DATA:
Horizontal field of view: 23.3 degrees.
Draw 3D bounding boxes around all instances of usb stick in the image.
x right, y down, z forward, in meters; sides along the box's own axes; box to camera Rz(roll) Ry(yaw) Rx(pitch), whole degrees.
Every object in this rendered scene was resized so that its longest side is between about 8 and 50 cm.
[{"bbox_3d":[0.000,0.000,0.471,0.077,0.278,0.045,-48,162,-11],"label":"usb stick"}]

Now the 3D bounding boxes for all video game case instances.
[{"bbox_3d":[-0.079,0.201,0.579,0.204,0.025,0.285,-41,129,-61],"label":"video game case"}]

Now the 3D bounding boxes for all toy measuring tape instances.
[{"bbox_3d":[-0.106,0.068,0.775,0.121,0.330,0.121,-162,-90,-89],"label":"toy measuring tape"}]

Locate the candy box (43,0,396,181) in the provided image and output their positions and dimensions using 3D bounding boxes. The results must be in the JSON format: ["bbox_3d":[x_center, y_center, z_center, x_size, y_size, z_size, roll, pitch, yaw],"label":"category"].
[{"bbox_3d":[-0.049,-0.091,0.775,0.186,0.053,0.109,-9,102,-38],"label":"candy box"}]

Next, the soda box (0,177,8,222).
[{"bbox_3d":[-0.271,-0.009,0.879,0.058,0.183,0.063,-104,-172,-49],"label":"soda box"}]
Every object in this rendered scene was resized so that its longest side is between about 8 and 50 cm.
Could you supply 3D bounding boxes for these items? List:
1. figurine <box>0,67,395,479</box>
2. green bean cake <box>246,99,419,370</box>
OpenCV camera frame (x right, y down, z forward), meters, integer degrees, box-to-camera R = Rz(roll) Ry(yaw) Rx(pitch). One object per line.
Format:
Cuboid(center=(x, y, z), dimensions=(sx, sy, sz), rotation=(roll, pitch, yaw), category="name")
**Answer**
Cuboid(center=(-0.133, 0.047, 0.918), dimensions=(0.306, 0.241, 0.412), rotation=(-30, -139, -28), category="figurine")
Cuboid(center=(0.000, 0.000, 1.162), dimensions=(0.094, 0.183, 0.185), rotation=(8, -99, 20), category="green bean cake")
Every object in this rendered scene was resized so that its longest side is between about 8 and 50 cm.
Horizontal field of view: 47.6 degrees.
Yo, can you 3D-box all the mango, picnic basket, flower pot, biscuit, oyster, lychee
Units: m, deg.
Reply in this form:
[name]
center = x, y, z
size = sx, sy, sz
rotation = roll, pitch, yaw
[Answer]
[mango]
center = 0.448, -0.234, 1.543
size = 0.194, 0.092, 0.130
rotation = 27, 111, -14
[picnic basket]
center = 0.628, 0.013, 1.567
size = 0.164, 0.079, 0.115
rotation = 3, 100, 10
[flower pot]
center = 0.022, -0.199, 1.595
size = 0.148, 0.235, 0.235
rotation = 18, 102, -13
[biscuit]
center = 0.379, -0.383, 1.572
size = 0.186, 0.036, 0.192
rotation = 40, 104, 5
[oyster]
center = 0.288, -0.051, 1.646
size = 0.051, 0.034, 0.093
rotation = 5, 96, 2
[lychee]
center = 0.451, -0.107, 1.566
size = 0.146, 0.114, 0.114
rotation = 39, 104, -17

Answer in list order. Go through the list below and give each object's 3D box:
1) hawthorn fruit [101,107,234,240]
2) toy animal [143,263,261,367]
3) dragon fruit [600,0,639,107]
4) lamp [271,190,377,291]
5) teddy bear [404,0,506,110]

WHAT YOU WILL DO: The line containing "3) dragon fruit [600,0,639,107]" and all lines after it, through the end of the entries above, are to be returned exactly and alone.

OUTPUT OF THE TASK:
3) dragon fruit [600,0,639,107]
4) lamp [271,190,377,291]
5) teddy bear [404,0,506,110]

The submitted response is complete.